SB 375, as you might or might not know, is a law whose stated goal is to reduce car driving by parking high-density housing near bus and train stations. The hope being that those living in these places will abandon their automobiles and eagerly embrace the excitement of commuting to work by bus, which will somehow save the world from global warming. Something that will require massive levels of development industry enriching new construction, which some have interpreted as the real world goal here.
Now we don't want to jump to any unfair conclusions here. It could be that there have been a lot of bear sightings the MediaNews papers needed to cover lately, and they just didn't have the space. But coming as this does on the heels of their blown coverage of possible additional funding for the Pasadena Unified School District through the use of city redevelopment funds (which by embarrassing coincidence came to light during the Measure CC debacle), this does fit a pattern. It could be that they just don't want to publicize things that do not benefit certain of their sustaining constituencies. Some of which love to spend our tax money on privately owned redevelopment and "transit oriented" projects.
But fortunately the MediaNews Group doesn't own all the local papers in California, and stories of discontent over SB 375 at the SCAG La Quinta festival of dreams did leak out. This from a publication called The Press-Enterprise:
Amid funding miseries, Inland officials want state anti-sprawl law shelved until economy improves - LA QUINTA: Elected officials from across Southern California expressed frustration Thursday with the state's anti-sprawl law and a lack of funding to implement its goals. The officials questioned how they will cope with new requirements during a weak economy and as the state seeks to withhold more money from local governments.
"We know it is law and we want to implement it," said Hemet Councilwoman Robin Lowe, president of the California League of Cities. "But is it appropriate at this time? What are the cities supposed to do? How do you think we are supposed to do this without any financial assistance?"
Many local officials at the conference Thursday questioned how cities and counties could put in place SB 375's requirements at a time when the state is raiding local funds. The state wants to divert more than $2 billion in redevelopment funds to school operations. Fontana Mayor Mark Nuaimi said many cities are doing what SB 375 aims to accomplish without Sacramento's heavy hand. Fontana, he said, concentrated new senior housing near its Metrolink station.
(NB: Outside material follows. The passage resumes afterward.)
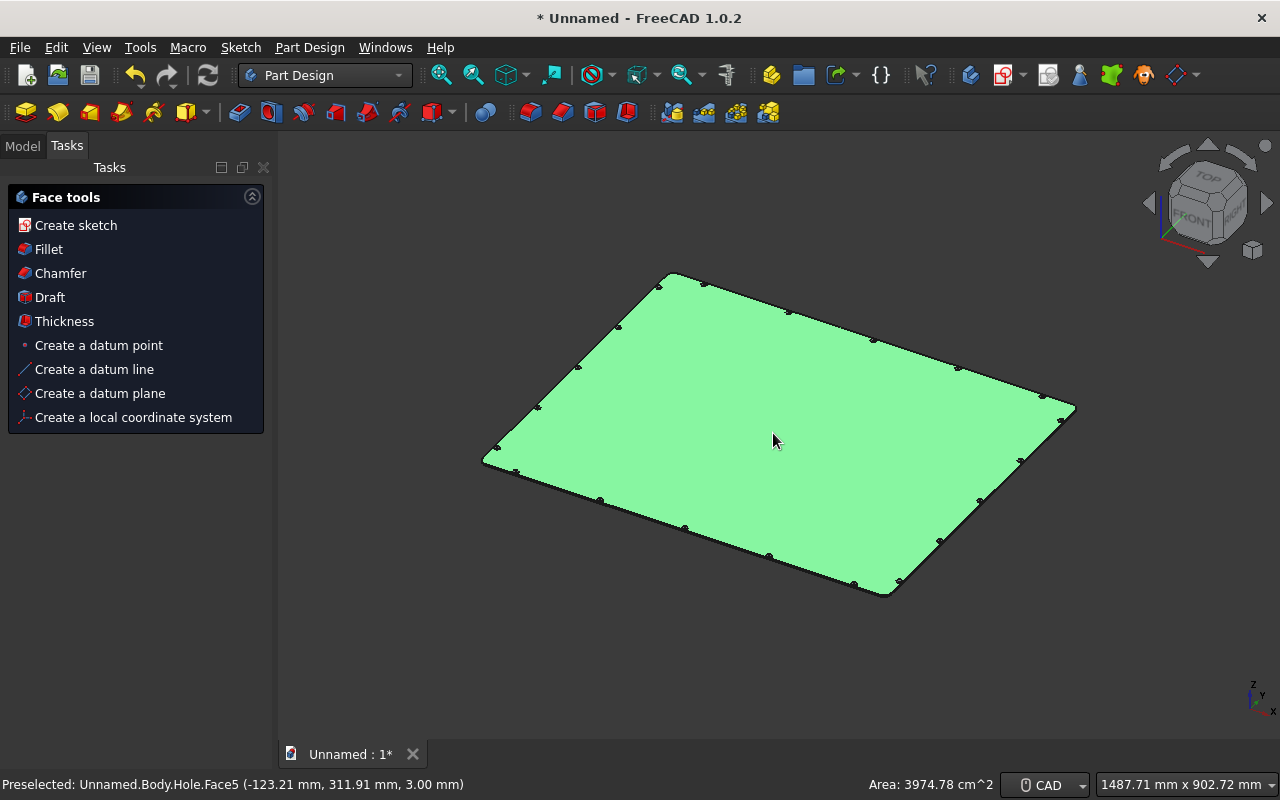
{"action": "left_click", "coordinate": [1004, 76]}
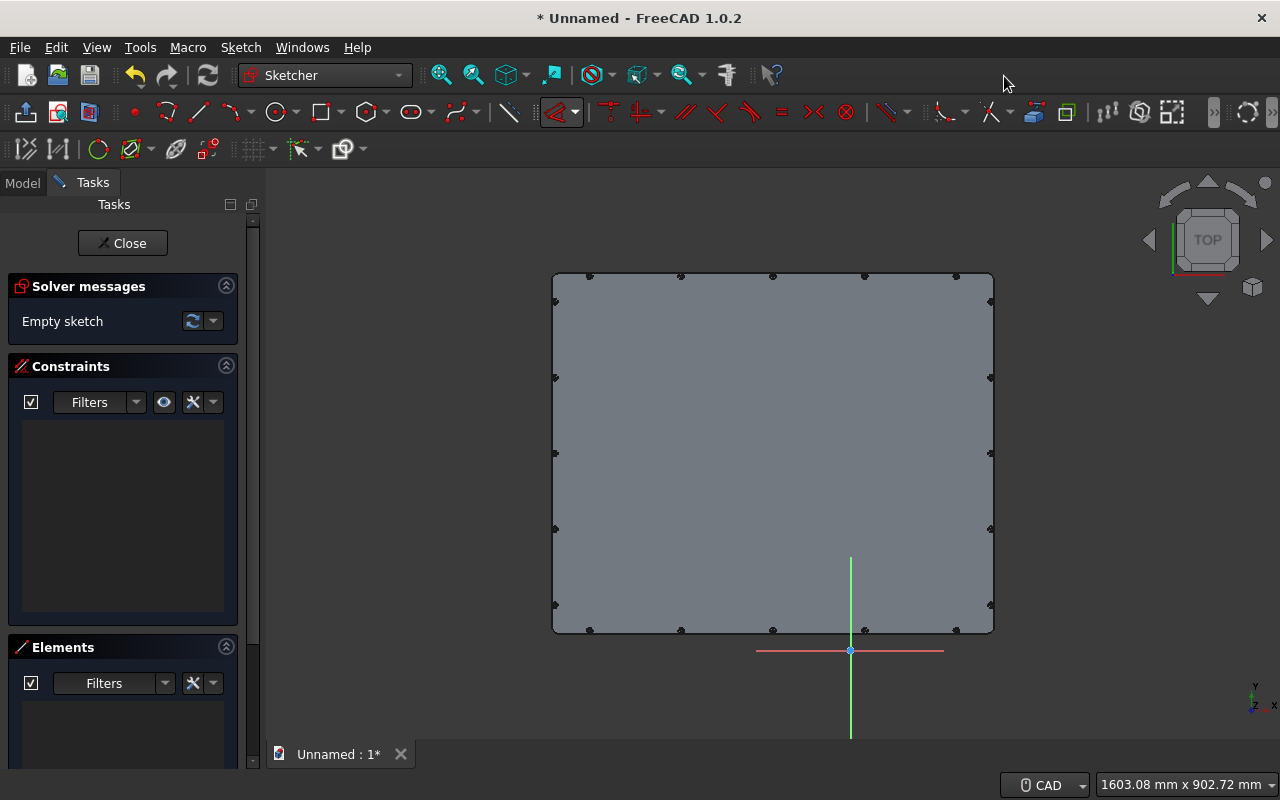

Nuaimi questioned where cities would get funding to meet the legislation's goal.
Another report coming out of last week's SCAG fest in La Quinta also reported on anger over the widely suspected notion that an impoverished Sacramento might attempt to force the implementation of SB 375 by using local city property and sales tax revenue. This from MYDESERT.com, a site owned by The Desert Sun.
(SB 375) has been a point of contention for some valley cities and other small towns in California, where officials see its call for smart planning as code for the kind of high-density, multi-use projects they feel are inappropriate for their areas.
"I think Sacramento has to get its own house in order before they start dictating to cities," said Palm Desert Mayor Cindy Finerty ... "With the economy where it is, it's not time for implementation of AB 32 and SB 375. It's further going to shut down our economy." she said.
Now apparently our favorite planner that is formerly of the Soviet Union, SCAG Executive Director Hasan Ikhrata, had been feeling a little heat at this confab. So much so that he felt obligated to deny that SCAG is functioning here as little more than the enforcement arm of Sacramento's sprawl and greenhouse gas unfunded mandates. This only slightly bizarre quote from MYDESERT.com:
"SCAG doesn't want to tell cities what to do," he said. "Cities are doing what SB 375 wants them to do. We need to incentivize them to do more, not give them more regulations."
Now the quaint anthropomorphism shown in discussing what SB 375 might or might not be wanting aside, the notion of getting cities to spend their own tax cash to bring this law to life is not in any way denied by Ikhrata here. But given the rhubarb over funding, he did come up with a more novel approach. What Ikhrata was actually advocating here is a contest to get city officials to do just that, spend their city funds on SB 375.
At least one incentive will be a SCAG competition on sustainability initiatives, with the winning city getting a $2 million cash prize, he said.
Now that is an interesting idea. Use our state and Federal taxes as contest prizes designed to coerce Southern California city officials into spending their local tax money on vastly unpopular high-density development schemes. Can free lottery tickets and a Grand Slam breakfast at Denny's be far behind?
And I do have to ask, there can't possibly be local elected officials anywhere who would be simple-minded enough to sign on for that one, right?